Para construir su canon o paradigma de la literatura nacional, el aparato cultural socialdemócrata debió servirse, irónicamente, de las obras de sus antiguos adversarios en la Guerra Civil: Fallas, Dobles, Herrera García y, en menor medida, Gutiérrez. Desde luego, para hacer esto debieron realizar una lectura selectiva y cuidadosa, privilegiando algunas obras y dejando de lado muchas otras que ponían en entredicho sus preceptos o postulados.
Pues tal y como la literatura del período liberal expresa una ambivalencia básica hacia el progreso y la modernidad, algunas obras y pasajes de la generación del cuarenta –aunque adhirieran ideológicamente la Revolución y el marxismo– recrean en alguna medida y de formas diversas el mito de la excepcionalidad costarricense.
Solo muchos años más tarde el escritor Alberto Cañas –vinculado, como ya se dijo, al grupo socialdemócrata– conseguirá dar expresión literaria a esa visión de la historia del país, en su novela postrera titulada Los molinos de Dios (1992).

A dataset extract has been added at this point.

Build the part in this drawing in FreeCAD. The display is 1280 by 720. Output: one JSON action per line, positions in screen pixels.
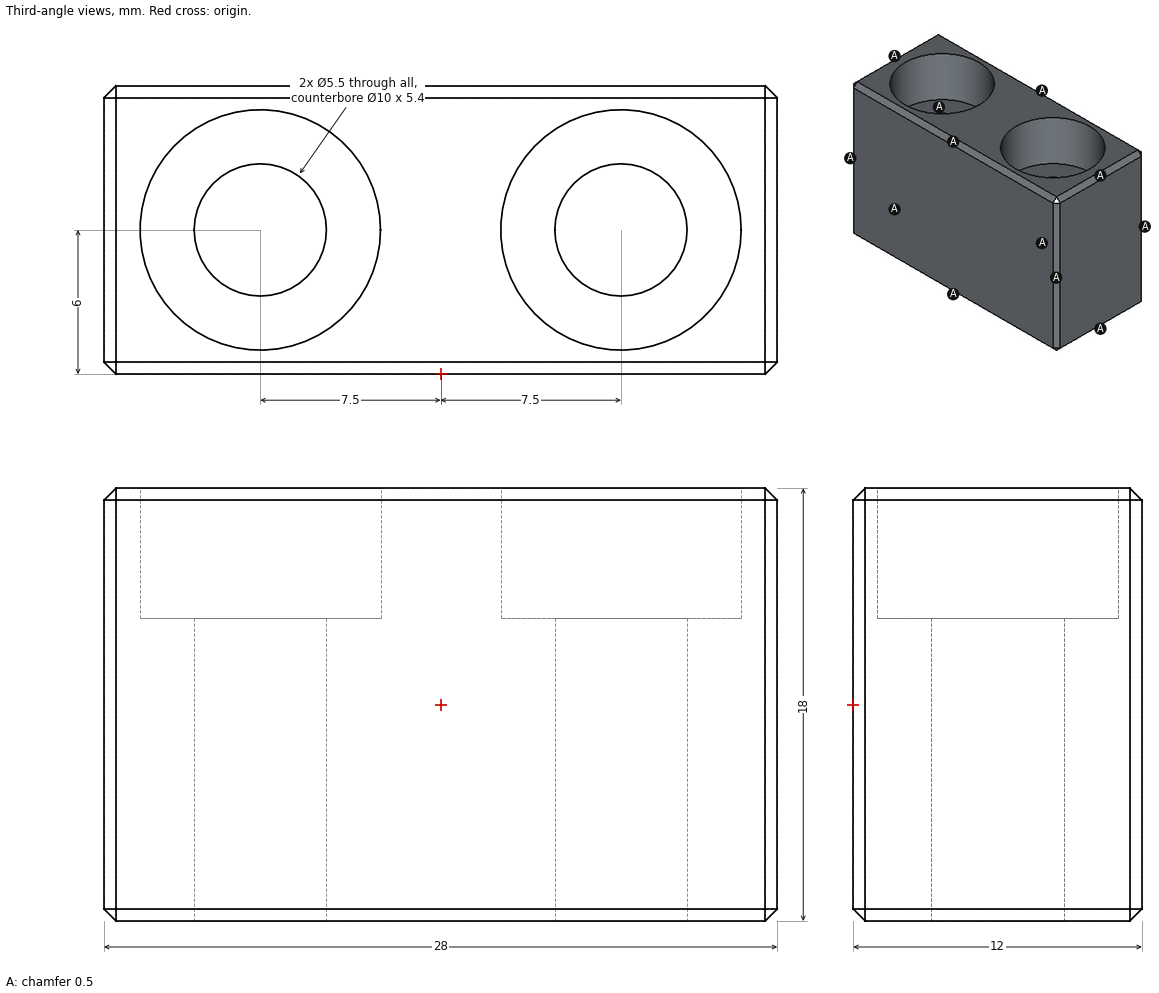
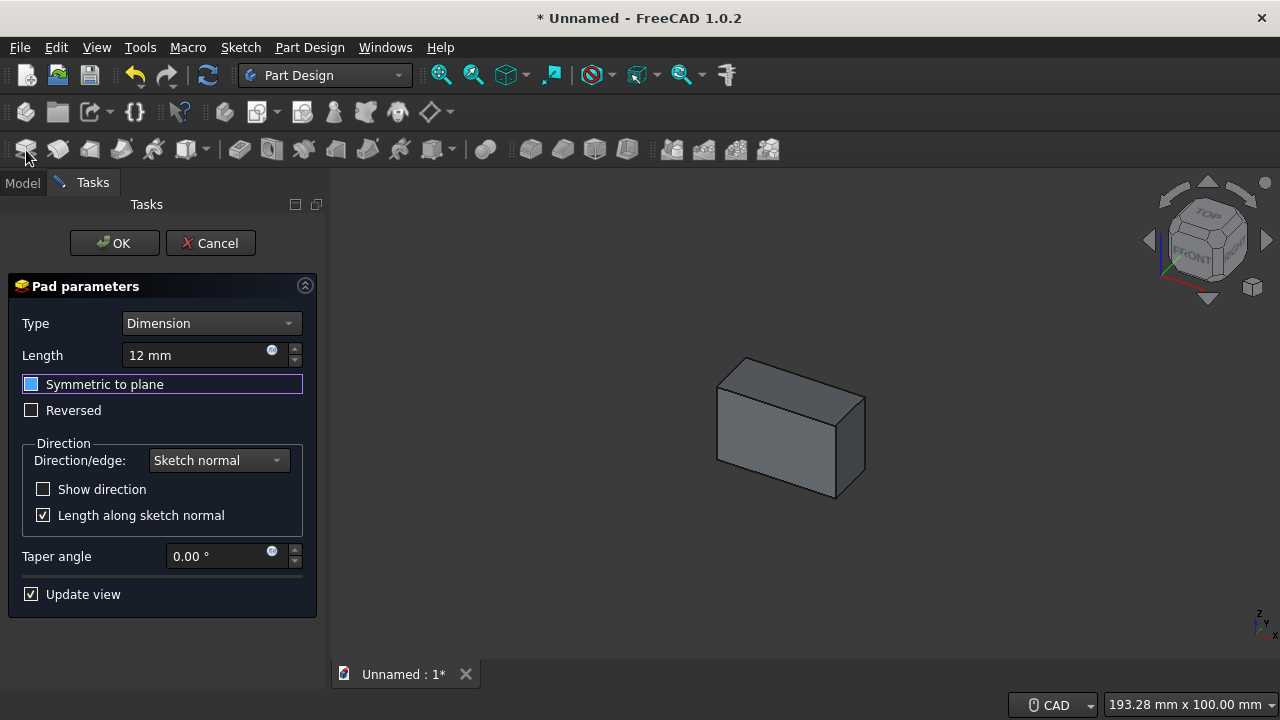
{"action": "left_click", "coordinate": [30, 410]}

Lo que podemos llamar “el período socialdemócrata” de la historia del país se extiende aproximadamente de 1950 hasta 1980, cuando la crisis financiera internacional y las políticas de apertura y liberalización a que dio lugar, pusieron en entredicho y a la defensiva los postulados del “Estado de bienestar” costarricense. Dicha crisis, como sabemos , se prolonga hasta hoy. Además, la crisis del modelo socialdemócrata coincide con el triunfo de la Revolución Sandinista en Nicaragua y con el apogeo de la insurgencia revolucionaria en los otros países de la región centroamericana.

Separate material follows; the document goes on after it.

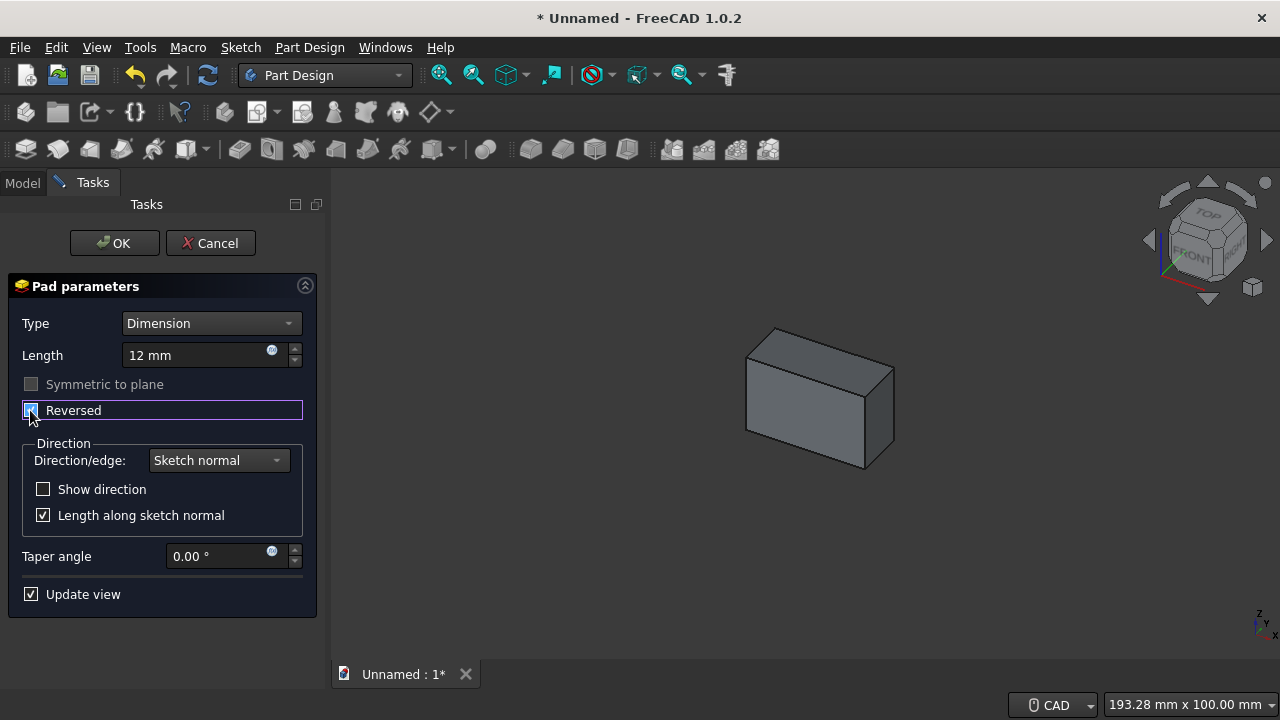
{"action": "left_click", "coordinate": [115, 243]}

Autores representativos de este período son, entre otros, Carmen Naranjo (1931), Samuel Rovinsky (1932), Fernando Durán Ayanegui (1939), Virgilio Mora (1935) y José León Sánchez (1929). Mientras que Naranjo, Rovinsky y Durán Ayanegui están de una u otra forma vinculados ideológica y políticamente al régimen socialdemócrata, Virgilio Mora y José León Sánchez son radicalmente excéntricos y ajenos a él. También podemos ubicar aquí a la cuentista costarricense de origen chileno Miriam Bustos Arratia ().
En sus novelas Carmen Naranjo –también cuentista y poeta– reconstruye, mediante laberínticas introspecciones y recreaciones lingüísticas, el mundo de los burócratas y otros seres anodinos y desesperanzados que surgen de las entrañas de la nueva sociedad costarricense, cada vez más urbana, sometida ahora al bombardeo de poderosos y omnipresentes medios de comunicación masiva.

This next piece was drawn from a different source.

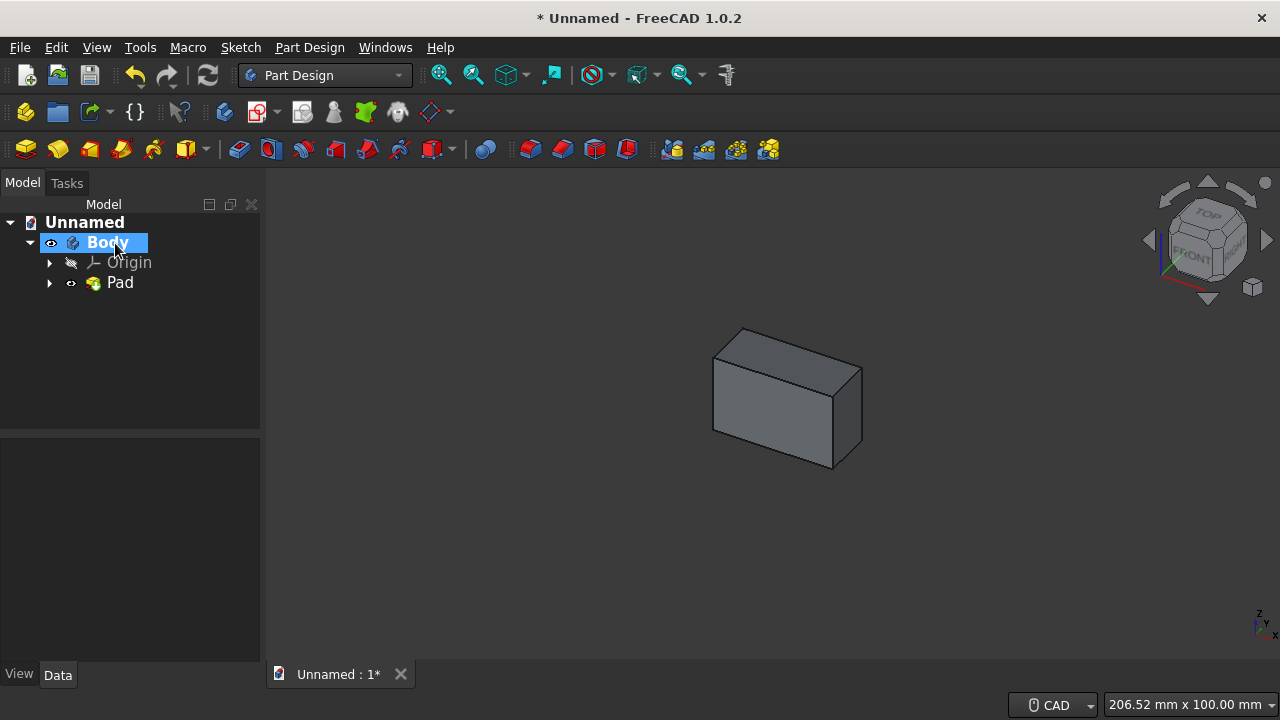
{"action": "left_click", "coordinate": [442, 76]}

La vasta obra narrativa de Durán Ayanegui también comprende cuentos y novelas y resulta difícil de reseñar. Sin embargo, sobresale en ella una tendencia hacia lo fantástico y lo alegórico –lugares poco frecuentados en la literatura nacional. Por su parte, el escritor Samuel Rovinsky combinará en su trabajo la producción literaria –cuentos y novelas– y la producción dramatúrgica. En general, todos ellos centran su atención en el mundo urbano y de las clases medias, aunque la perspectiva y los énfasis sean diferentes.
Como han señalado con agudeza Margarita Rojas y Flora Ovares en diversos ensayos –entre ellos uno titulado Peregrinos y errabundos: la narrativa contemporánea en Costa Rica (1998)– “La narrativa de las décadas 1960 y 1970 se encierra en el espacio restringido representado en la casa, después de haberse abierto en la literatura anterior desde el Valle Central hacia la totalidad de la geografía nacional. (...) Entonces, integrada al contexto de la ciudad cada vez más despersonalizada y riesgosa, aparece la casa como último reducto del idilio. Pero este asilo también se ve amenazado por el paso del tiempo, por la historia. Ya no alberga relaciones armoniosas ni el cambio de las generaciones, sino el odio y el conflicto entre los miembros de la familia.”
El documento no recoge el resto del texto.